Configuration Description
SNGP-PM vs. standard PM Accuracy difference < 1%; the uncertainty component does not degrade performance
Threshold 1.30 vs. 1.45 Lower threshold → more judge calls → higher accuracy, but with diminishing returns
Uncertainty routing vs. random routing Uncertainty routing consistently outperforms random routing across all judge invocation ratios (+0.8–2.5 pp)

Key Findings

  • Epistemic uncertainty is strongly negatively correlated with RM accuracy (Spearman \(p < 10^{-29}\)), validating the hypothesis that high uncertainty implies high error probability.
  • OOD data (RewardBench, RM-Bench) systematically exhibits higher uncertainty than in-distribution data (HelpSteer2 validation set).
  • With only 9.2% judge invocations, RewardBench accuracy improves from 87.3% to 89.2%, demonstrating strong cost-effectiveness.
  • In downstream RLHF alignment, uncertainty routing likewise outperforms random routing, confirming end-to-end effectiveness.

Highlights & Insights

  • The theoretical analysis of pointwise vs. pairwise RM uncertainty quantification is particularly insightful—pointwise RMs have ill-defined uncertainty under the BT model (invariant to additive bias), which provides a principled, rather than merely empirical, justification for adopting a pairwise PM.
  • The choice of SNGP is highly practical—single-model, single-pass inference incurs almost no additional latency compared to a standard PM, in contrast to ensembles that require \(N\)-fold overhead, making it suitable for online RLHF.
  • The three-label judge design (preferred / dispreferred / tie) elegantly handles aleatoric uncertainty—ties return \(\sigma^{-1}(1/2) = 0\), contributing no noisy signal.
  • The routing framework is general and can be combined with any judge and any UQ method.

Limitations & Future Work

  • The judge (DeepSeek-R1) itself carries biases (e.g., length preference), so routing to the judge does not guarantee ground-truth labels.
  • The GP layer in SNGP relies on random feature approximation, whose quality depends on the feature dimensionality.
  • Experiments are conducted only at the 8B scale; whether larger PMs would still benefit from routing remains an open question.
  • The threshold \(\bar{u}\) requires manual tuning; an adaptive threshold would be more practical.
  • More sophisticated routing strategies (e.g., batch selection in an active learning fashion) are not explored.
  • vs. LoRA Ensemble RM: Ensemble methods require multiple models and multiple inference passes, incurring high cost; SNGP's single-pass approach is more suitable for online settings.
  • vs.

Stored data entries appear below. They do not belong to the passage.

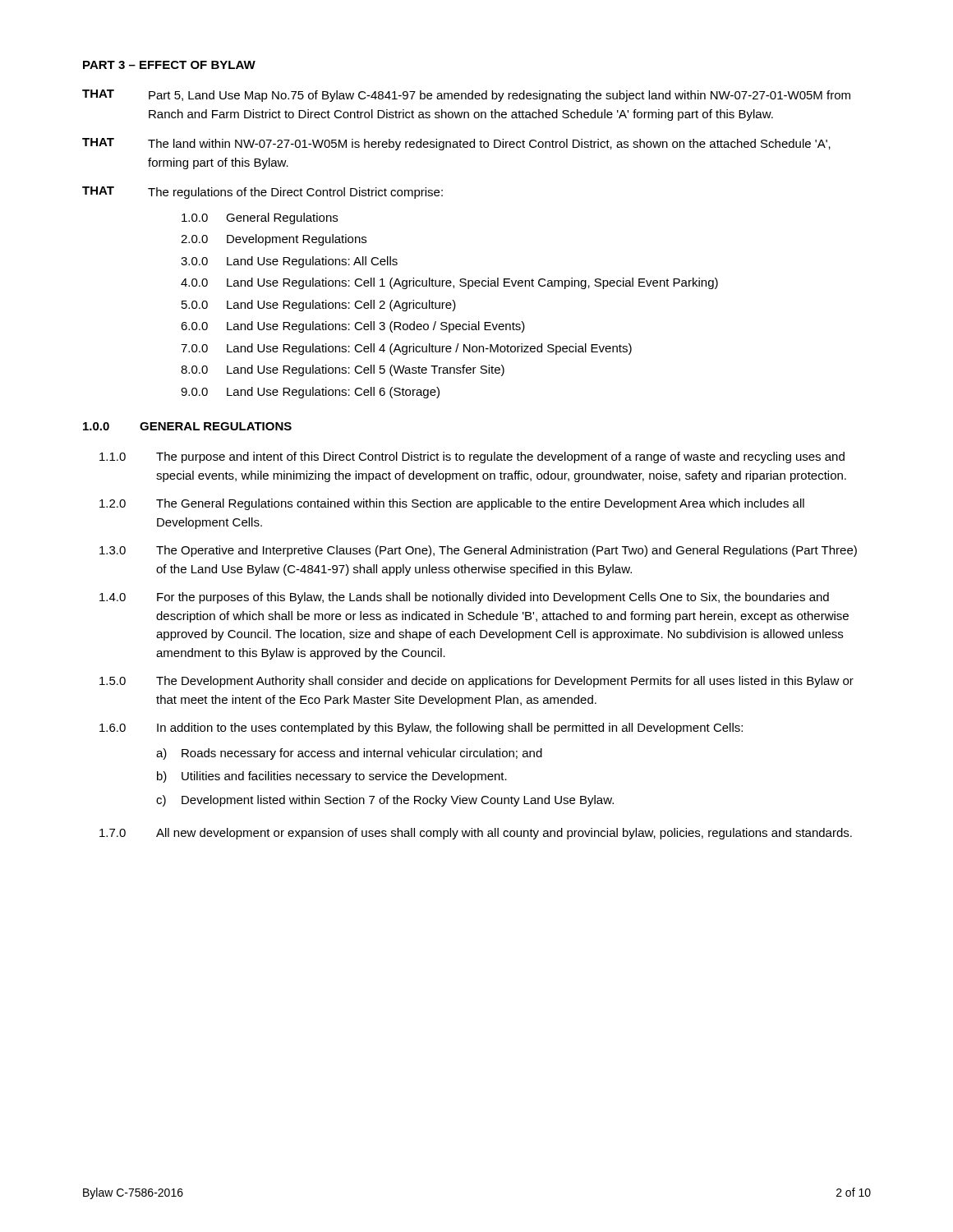This screenshot has height=1232, width=953.
Task: Click on the text starting "b)Utilities and facilities necessary to"
Action: pos(332,776)
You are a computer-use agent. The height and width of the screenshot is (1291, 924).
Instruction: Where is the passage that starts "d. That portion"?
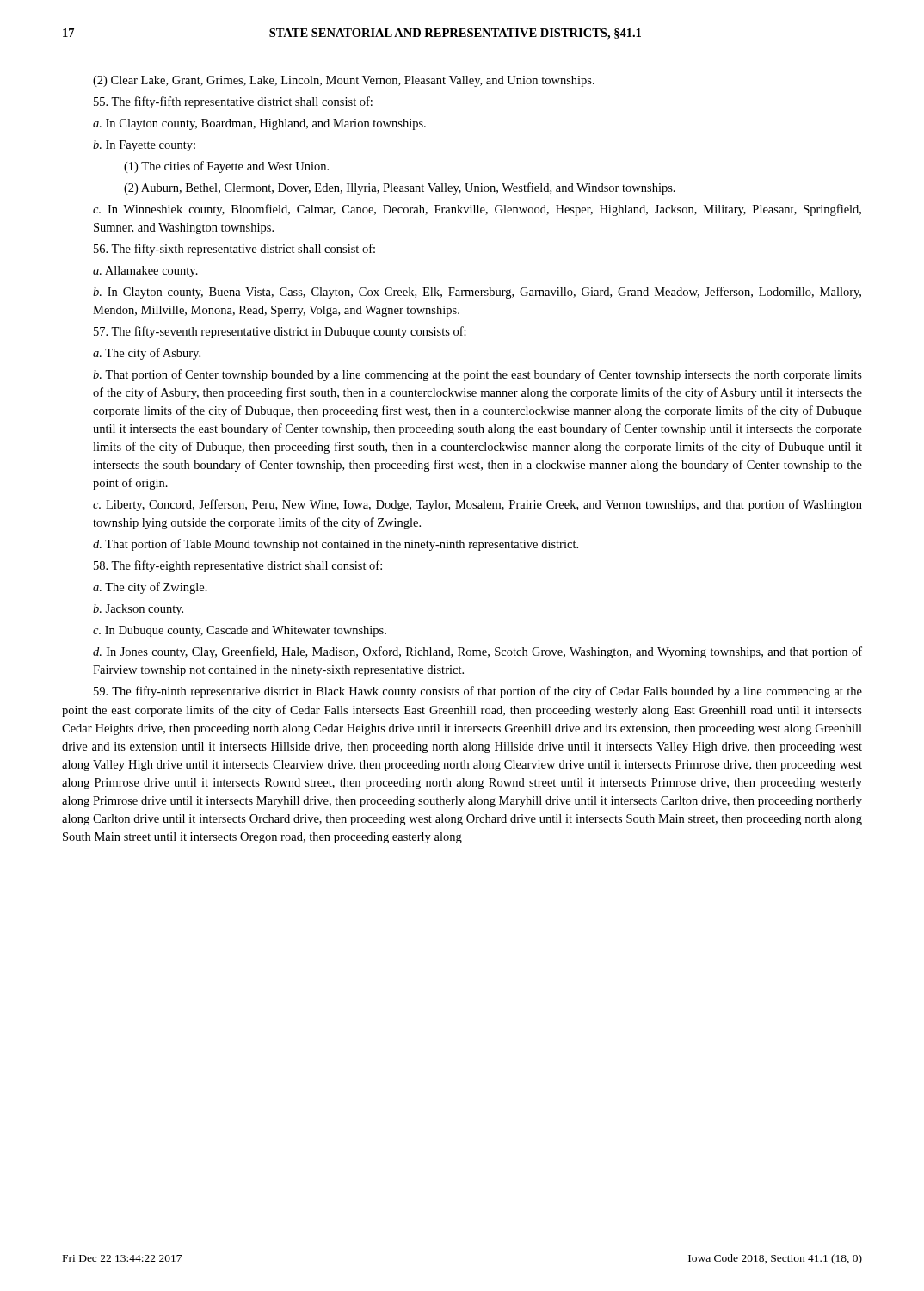478,545
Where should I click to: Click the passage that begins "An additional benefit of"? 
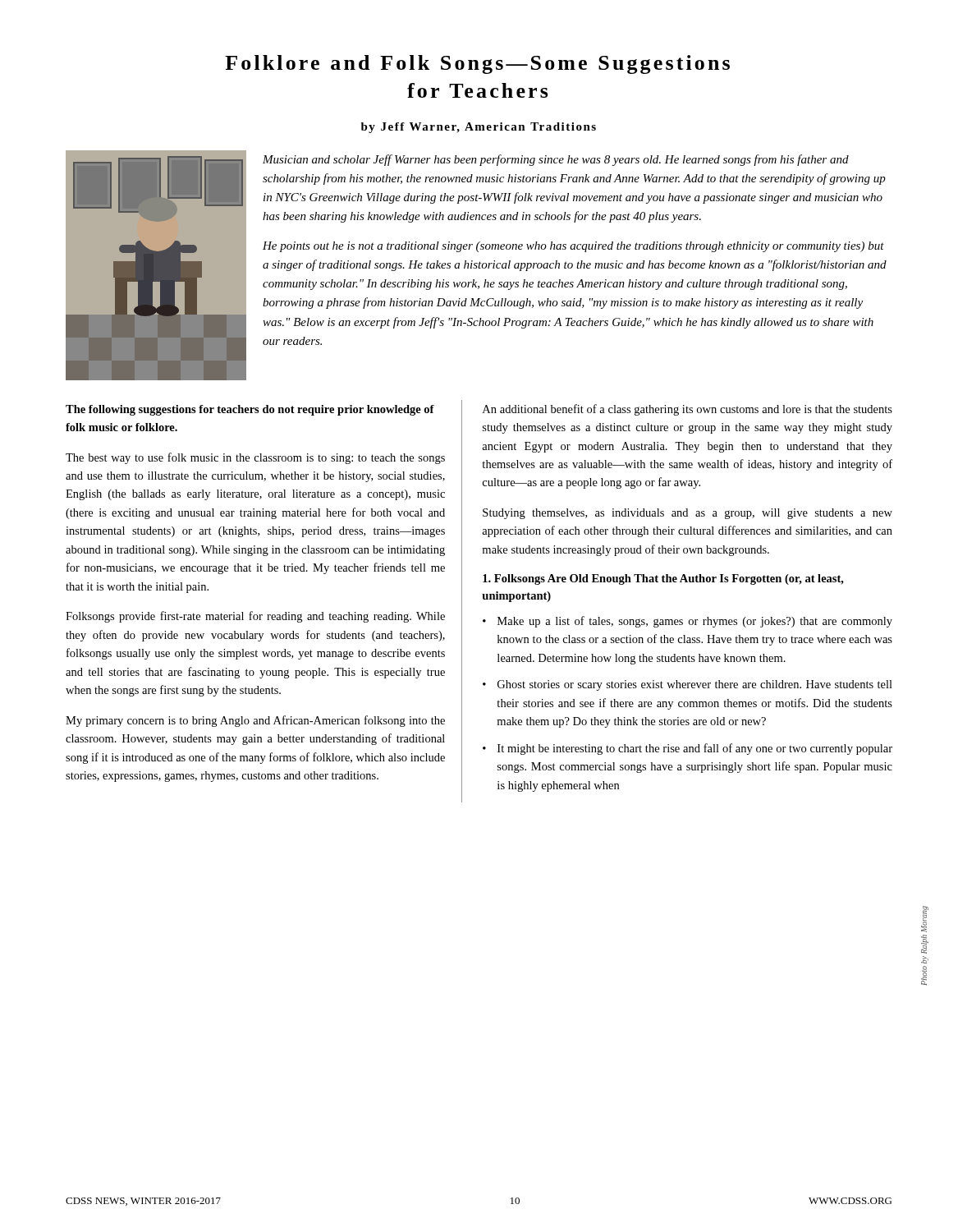click(687, 446)
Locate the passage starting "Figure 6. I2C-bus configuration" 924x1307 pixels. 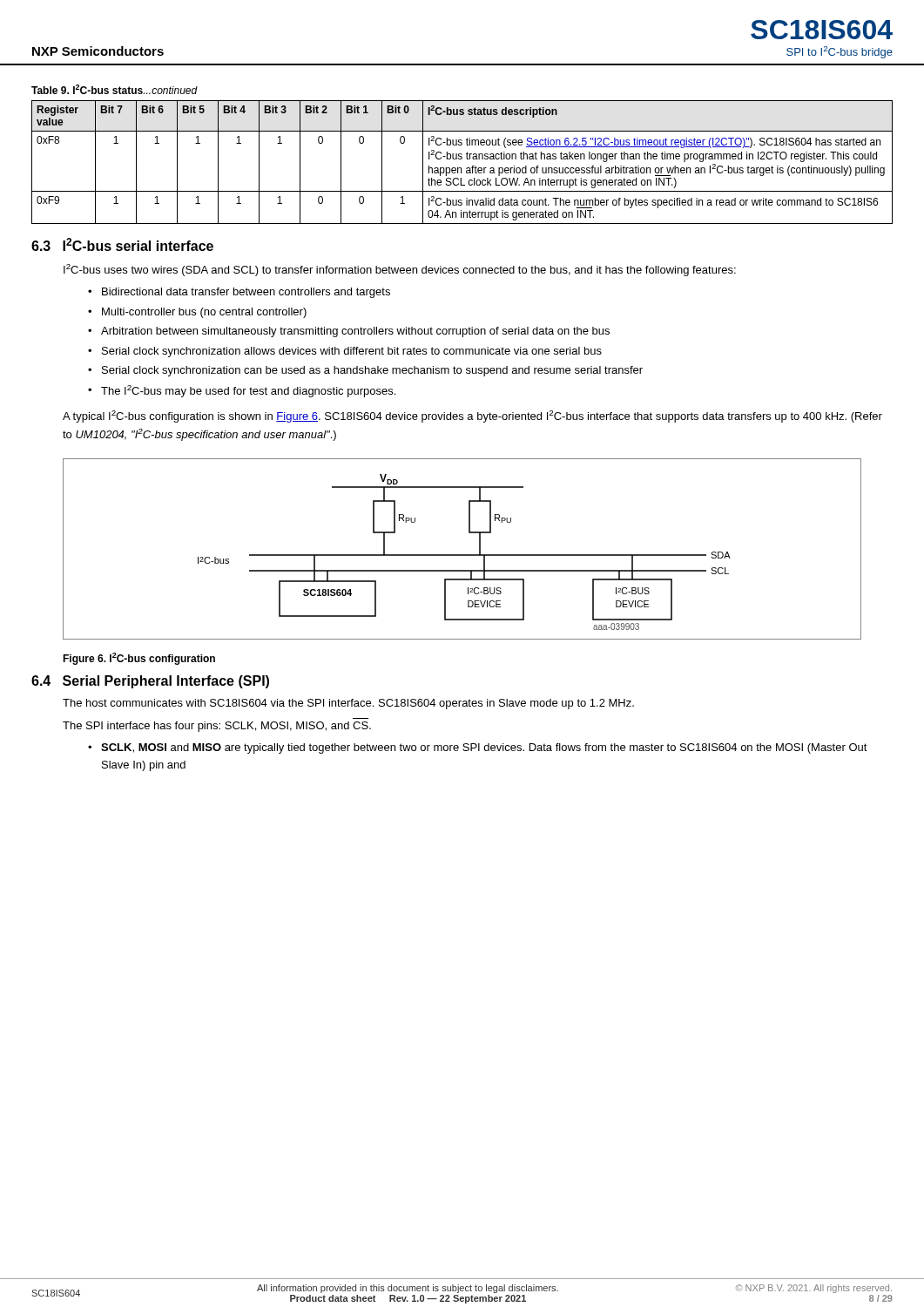click(x=139, y=658)
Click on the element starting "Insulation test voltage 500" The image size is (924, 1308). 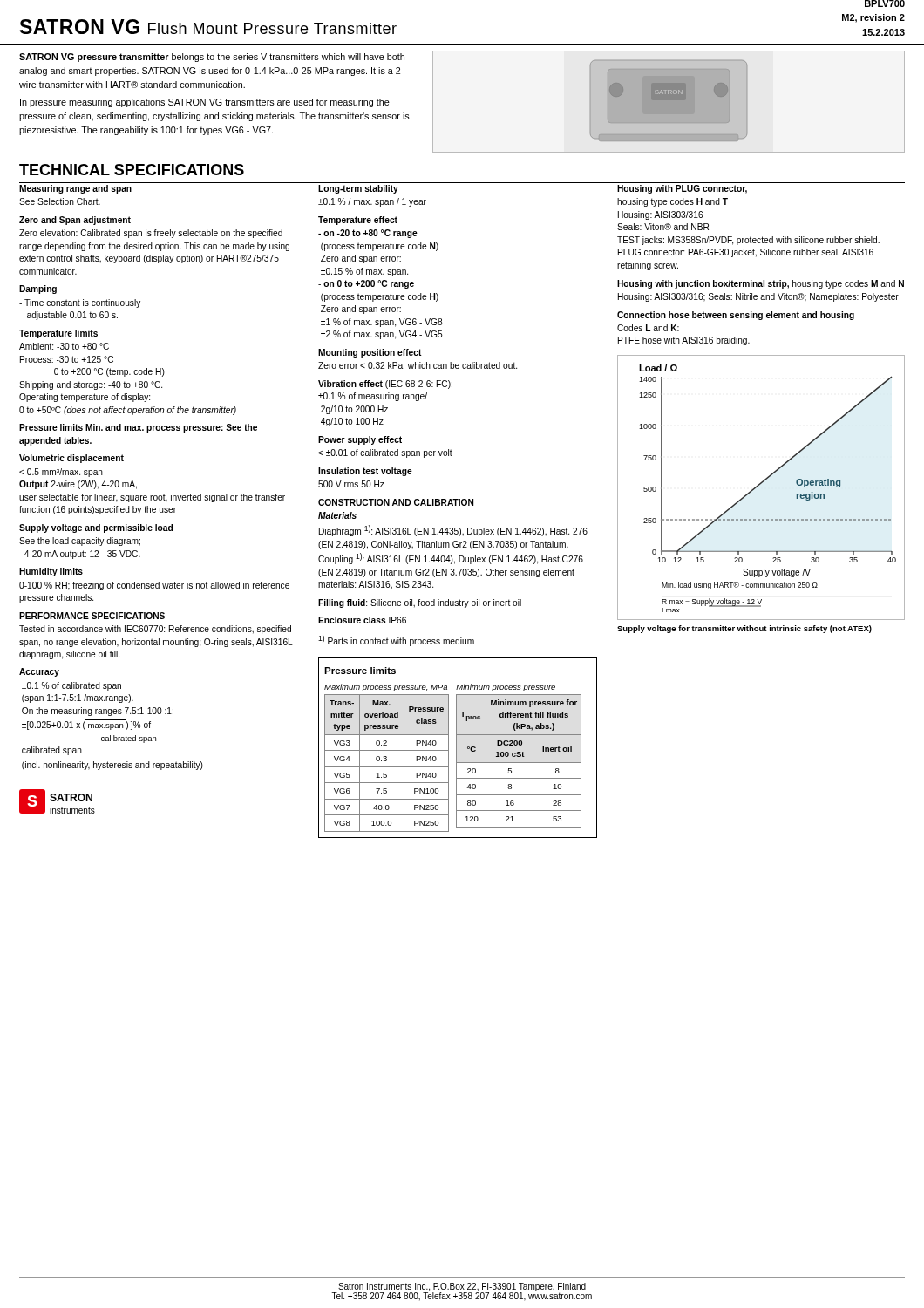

Pure LLM-as-Judge RLHF: Full judge invocation is prohibitively expensive (Table 3 shows 10× latency increase); the proposed routing scheme offers a practical compromise.
  • vs. OAIF (Online AI Feedback): OAIF replaces RMs with LLM judges but suffers from high latency; the proposed framework can directly improve OAIF's efficiency.

Rating

  • Novelty: ⭐⭐⭐⭐ The combination of pairwise RM + SNGP UQ + routing to an LLM judge is novel and theoretically grounded.
  • Experimental Thoroughness: ⭐⭐⭐⭐ Coverage spans RM benchmarks, downstream RLHF, and ablations; large-scale model experiments are absent.
  • Writing Quality: ⭐⭐⭐⭐⭐ Theoretical motivation is clear, figures are information-dense, and Remarks are well-explained.
  • Value: ⭐⭐⭐⭐ High practical utility—directly pluggable into existing RLHF pipelines; budget-aware judge invocation has strong engineering value.